Abstract: Gradient Boosted Trees have become a widely used method for prediction using structured data. They generally provide the best predictive power, but are sometimes criticized for being "difficult to interpret". However, to some degree, this criticism is misdirected -- rather than being uninterpretable, they simply have more complicated interpretations, reflecting a more sophisticated understanding of the underlying dynamics of the variables.
In this workshop, we will work hands-on using XGBoost with real-world data sets to demonstrate how to approach data sets with the twin goals of prediction and understanding in a manner such that improvements in one area yield improvements in the other. Using modern tooling such as Individual Conditional Expectation (ICE) plots and SHAP, as well as a sense of curiosity, we will extract powerful insights that could not be gained from simpler methods. In particular, attention will be placed on how to approach a data set with the goal of understanding as well as prediction.

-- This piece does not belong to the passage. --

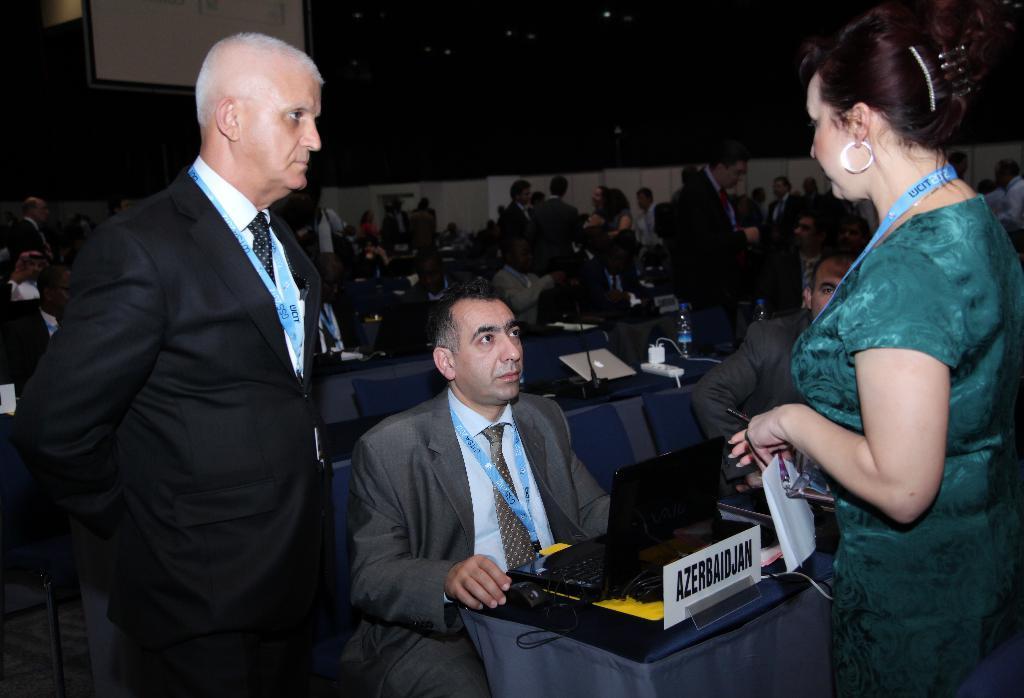How would you summarize this image in a sentence or two? In this image we can see many people. There are few people are sitting and few are standing in the image. There are many objects placed on the tables. There are few people wearing an identity card.

Bio: Brian Lucena is Principal at Lucena Consulting and a consulting Data Scientist at Agentero. An applied mathematician in every sense, he is passionate about applying modern machine learning techniques to understand the world and act upon it. In previous roles he has served as SVP of Analytics at PCCI, Principal Data Scientist at Clover Health, and Chief Mathematician at Guardian Analytics. He has taught at numerous institutions including UC-Berkeley, Brown, USF, and the Metis Data Science Bootcamp.